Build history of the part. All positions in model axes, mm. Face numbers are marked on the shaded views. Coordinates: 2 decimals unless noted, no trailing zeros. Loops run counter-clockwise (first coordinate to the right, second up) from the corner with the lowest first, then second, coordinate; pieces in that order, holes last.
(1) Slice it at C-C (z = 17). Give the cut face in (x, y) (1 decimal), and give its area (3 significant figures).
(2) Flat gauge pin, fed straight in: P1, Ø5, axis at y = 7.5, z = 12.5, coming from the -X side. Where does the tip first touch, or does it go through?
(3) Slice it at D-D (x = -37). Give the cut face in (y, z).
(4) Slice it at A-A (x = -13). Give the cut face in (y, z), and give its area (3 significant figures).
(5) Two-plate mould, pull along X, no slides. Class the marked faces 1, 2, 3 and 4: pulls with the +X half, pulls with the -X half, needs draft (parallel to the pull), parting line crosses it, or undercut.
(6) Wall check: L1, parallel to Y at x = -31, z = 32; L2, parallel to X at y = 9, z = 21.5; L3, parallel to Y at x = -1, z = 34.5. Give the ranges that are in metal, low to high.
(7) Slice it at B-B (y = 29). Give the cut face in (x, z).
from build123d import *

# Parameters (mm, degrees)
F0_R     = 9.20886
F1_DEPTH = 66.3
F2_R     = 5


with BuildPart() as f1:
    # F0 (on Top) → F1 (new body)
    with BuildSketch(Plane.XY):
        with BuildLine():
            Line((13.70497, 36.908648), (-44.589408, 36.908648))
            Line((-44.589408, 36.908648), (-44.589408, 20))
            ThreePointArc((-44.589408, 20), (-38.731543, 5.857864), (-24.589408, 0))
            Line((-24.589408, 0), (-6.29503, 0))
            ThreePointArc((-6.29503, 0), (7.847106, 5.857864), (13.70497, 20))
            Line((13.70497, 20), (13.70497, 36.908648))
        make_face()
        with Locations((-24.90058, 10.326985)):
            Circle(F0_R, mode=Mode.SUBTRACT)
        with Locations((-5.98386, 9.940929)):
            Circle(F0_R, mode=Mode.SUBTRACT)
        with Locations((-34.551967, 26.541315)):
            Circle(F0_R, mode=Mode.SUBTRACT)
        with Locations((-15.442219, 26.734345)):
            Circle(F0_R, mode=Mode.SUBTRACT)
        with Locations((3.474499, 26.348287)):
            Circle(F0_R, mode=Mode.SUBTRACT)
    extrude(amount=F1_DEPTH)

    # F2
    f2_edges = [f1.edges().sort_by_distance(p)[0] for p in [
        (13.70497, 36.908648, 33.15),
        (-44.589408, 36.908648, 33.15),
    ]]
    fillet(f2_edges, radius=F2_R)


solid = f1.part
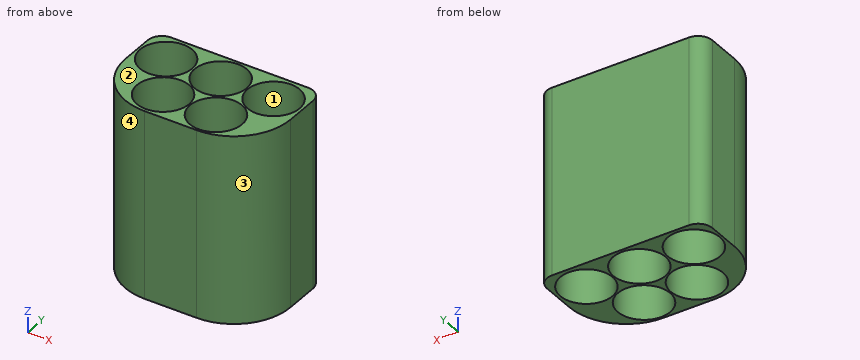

※

* [Exercise requirements] Look through the data above. Find each line with the string "first" and copy it.

* [Reply to the exercise]
Build history of the part. All positions in model axes, mm. Face numbers are marked on the shaded views. Coordinates: 2 decimals unless noted, no trailing zeros. Loops run counter-clockwise (first coordinate to the right, second up) from the corner with the lowest first, then second, coordinate; pieces in that order, holes last.
(2) Flat gauge pin, fed straight in: P1, Ø5, axis at y = 7.5, z = 12.5, coming from the -X side. Where does the tip first touch, or does it go through?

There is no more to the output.